What is needed:
Nothing is to be altered. Print each record in full.

_____

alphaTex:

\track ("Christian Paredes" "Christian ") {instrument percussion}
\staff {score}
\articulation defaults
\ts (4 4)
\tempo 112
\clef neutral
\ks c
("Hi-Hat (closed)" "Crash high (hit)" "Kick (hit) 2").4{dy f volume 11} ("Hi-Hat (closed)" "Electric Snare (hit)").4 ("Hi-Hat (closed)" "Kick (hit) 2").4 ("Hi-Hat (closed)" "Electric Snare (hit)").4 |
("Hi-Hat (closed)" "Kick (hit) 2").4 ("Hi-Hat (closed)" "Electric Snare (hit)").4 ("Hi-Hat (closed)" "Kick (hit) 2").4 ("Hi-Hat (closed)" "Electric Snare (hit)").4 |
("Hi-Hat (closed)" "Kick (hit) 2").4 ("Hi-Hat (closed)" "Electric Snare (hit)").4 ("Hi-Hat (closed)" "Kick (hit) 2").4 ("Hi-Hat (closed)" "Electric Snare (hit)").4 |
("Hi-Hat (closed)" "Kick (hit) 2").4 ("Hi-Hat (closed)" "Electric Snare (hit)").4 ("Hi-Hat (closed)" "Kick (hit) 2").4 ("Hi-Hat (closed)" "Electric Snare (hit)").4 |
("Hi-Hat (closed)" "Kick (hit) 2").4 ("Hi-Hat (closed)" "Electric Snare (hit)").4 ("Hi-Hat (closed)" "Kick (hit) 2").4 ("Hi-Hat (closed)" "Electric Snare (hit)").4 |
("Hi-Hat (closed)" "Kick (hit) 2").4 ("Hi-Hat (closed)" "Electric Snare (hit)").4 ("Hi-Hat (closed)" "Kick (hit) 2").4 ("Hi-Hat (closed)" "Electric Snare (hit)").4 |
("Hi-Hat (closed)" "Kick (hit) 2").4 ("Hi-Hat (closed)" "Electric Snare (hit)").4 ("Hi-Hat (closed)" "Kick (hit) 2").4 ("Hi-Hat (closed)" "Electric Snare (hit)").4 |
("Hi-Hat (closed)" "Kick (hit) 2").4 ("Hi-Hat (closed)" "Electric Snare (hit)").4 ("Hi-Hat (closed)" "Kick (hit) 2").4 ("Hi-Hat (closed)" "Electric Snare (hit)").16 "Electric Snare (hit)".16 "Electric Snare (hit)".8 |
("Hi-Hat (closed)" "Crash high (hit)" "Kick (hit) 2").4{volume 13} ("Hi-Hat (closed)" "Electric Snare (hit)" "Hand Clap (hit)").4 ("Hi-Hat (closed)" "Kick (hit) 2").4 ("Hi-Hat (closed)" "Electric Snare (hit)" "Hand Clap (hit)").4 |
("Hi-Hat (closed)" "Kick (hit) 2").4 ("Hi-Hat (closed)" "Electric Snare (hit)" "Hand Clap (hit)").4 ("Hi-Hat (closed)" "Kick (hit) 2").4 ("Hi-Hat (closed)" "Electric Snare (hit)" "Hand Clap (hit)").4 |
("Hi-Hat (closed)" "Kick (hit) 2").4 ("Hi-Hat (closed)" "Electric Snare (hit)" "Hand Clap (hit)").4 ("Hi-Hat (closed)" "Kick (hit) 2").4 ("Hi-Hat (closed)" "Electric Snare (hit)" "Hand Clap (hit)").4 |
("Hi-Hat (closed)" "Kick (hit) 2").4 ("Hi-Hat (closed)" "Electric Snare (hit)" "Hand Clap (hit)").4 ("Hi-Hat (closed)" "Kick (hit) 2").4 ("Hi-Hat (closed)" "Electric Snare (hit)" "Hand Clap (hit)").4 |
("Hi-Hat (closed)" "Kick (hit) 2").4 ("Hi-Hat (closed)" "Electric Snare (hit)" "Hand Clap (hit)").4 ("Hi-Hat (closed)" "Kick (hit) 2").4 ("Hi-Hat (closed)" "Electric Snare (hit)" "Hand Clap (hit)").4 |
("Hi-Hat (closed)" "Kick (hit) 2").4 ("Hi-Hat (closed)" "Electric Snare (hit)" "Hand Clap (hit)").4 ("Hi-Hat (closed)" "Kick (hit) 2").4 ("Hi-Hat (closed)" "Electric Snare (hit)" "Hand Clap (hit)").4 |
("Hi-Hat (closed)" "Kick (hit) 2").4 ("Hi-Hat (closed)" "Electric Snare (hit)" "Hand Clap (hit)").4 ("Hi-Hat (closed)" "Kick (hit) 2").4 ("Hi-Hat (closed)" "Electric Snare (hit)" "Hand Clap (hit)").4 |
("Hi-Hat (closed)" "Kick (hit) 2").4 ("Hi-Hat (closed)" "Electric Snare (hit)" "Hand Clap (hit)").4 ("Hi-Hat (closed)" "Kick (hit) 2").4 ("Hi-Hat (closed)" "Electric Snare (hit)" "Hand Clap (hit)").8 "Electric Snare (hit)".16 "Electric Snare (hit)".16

_____

Reply:
alphaTex:

\track ("Christian Paredes" "Christian ") {instrument percussion}
\staff {score}
\articulation defaults
\ts (4 4)
\tempo 112
\clef neutral
\ks c
("Hi-Hat (closed)" "Crash high (hit)" "Kick (hit) 2").4{dy f volume 11} ("Hi-Hat (closed)" "Electric Snare (hit)").4 ("Hi-Hat (closed)" "Kick (hit) 2").4 ("Hi-Hat (closed)" "Electric Snare (hit)").4 |
("Hi-Hat (closed)" "Kick (hit) 2").4 ("Hi-Hat (closed)" "Electric Snare (hit)").4 ("Hi-Hat (closed)" "Kick (hit) 2").4 ("Hi-Hat (closed)" "Electric Snare (hit)").4 |
("Hi-Hat (closed)" "Kick (hit) 2").4 ("Hi-Hat (closed)" "Electric Snare (hit)").4 ("Hi-Hat (closed)" "Kick (hit) 2").4 ("Hi-Hat (closed)" "Electric Snare (hit)").4 |
("Hi-Hat (closed)" "Kick (hit) 2").4 ("Hi-Hat (closed)" "Electric Snare (hit)").4 ("Hi-Hat (closed)" "Kick (hit) 2").4 ("Hi-Hat (closed)" "Electric Snare (hit)").4 |
("Hi-Hat (closed)" "Kick (hit) 2").4 ("Hi-Hat (closed)" "Electric Snare (hit)").4 ("Hi-Hat (closed)" "Kick (hit) 2").4 ("Hi-Hat (closed)" "Electric Snare (hit)").4 |
("Hi-Hat (closed)" "Kick (hit) 2").4 ("Hi-Hat (closed)" "Electric Snare (hit)").4 ("Hi-Hat (closed)" "Kick (hit) 2").4 ("Hi-Hat (closed)" "Electric Snare (hit)").4 |
("Hi-Hat (closed)" "Kick (hit) 2").4 ("Hi-Hat (closed)" "Electric Snare (hit)").4 ("Hi-Hat (closed)" "Kick (hit) 2").4 ("Hi-Hat (closed)" "Electric Snare (hit)").4 |
("Hi-Hat (closed)" "Kick (hit) 2").4 ("Hi-Hat (closed)" "Electric Snare (hit)").4 ("Hi-Hat (closed)" "Kick (hit) 2").4 ("Hi-Hat (closed)" "Electric Snare (hit)").16 "Electric Snare (hit)".16 "Electric Snare (hit)".8 |
("Hi-Hat (closed)" "Crash high (hit)" "Kick (hit) 2").4{volume 13} ("Hi-Hat (closed)" "Electric Snare (hit)" "Hand Clap (hit)").4 ("Hi-Hat (closed)" "Kick (hit) 2").4 ("Hi-Hat (closed)" "Electric Snare (hit)" "Hand Clap (hit)").4 |
("Hi-Hat (closed)" "Kick (hit) 2").4 ("Hi-Hat (closed)" "Electric Snare (hit)" "Hand Clap (hit)").4 ("Hi-Hat (closed)" "Kick (hit) 2").4 ("Hi-Hat (closed)" "Electric Snare (hit)" "Hand Clap (hit)").4 |
("Hi-Hat (closed)" "Kick (hit) 2").4 ("Hi-Hat (closed)" "Electric Snare (hit)" "Hand Clap (hit)").4 ("Hi-Hat (closed)" "Kick (hit) 2").4 ("Hi-Hat (closed)" "Electric Snare (hit)" "Hand Clap (hit)").4 |
("Hi-Hat (closed)" "Kick (hit) 2").4 ("Hi-Hat (closed)" "Electric Snare (hit)" "Hand Clap (hit)").4 ("Hi-Hat (closed)" "Kick (hit) 2").4 ("Hi-Hat (closed)" "Electric Snare (hit)" "Hand Clap (hit)").4 |
("Hi-Hat (closed)" "Kick (hit) 2").4 ("Hi-Hat (closed)" "Electric Snare (hit)" "Hand Clap (hit)").4 ("Hi-Hat (closed)" "Kick (hit) 2").4 ("Hi-Hat (closed)" "Electric Snare (hit)" "Hand Clap (hit)").4 |
("Hi-Hat (closed)" "Kick (hit) 2").4 ("Hi-Hat (closed)" "Electric Snare (hit)" "Hand Clap (hit)").4 ("Hi-Hat (closed)" "Kick (hit) 2").4 ("Hi-Hat (closed)" "Electric Snare (hit)" "Hand Clap (hit)").4 |
("Hi-Hat (closed)" "Kick (hit) 2").4 ("Hi-Hat (closed)" "Electric Snare (hit)" "Hand Clap (hit)").4 ("Hi-Hat (closed)" "Kick (hit) 2").4 ("Hi-Hat (closed)" "Electric Snare (hit)" "Hand Clap (hit)").4 |
("Hi-Hat (closed)" "Kick (hit) 2").4 ("Hi-Hat (closed)" "Electric Snare (hit)" "Hand Clap (hit)").4 ("Hi-Hat (closed)" "Kick (hit) 2").4 ("Hi-Hat (closed)" "Electric Snare (hit)" "Hand Clap (hit)").8 "Electric Snare (hit)".16 "Electric Snare (hit)".16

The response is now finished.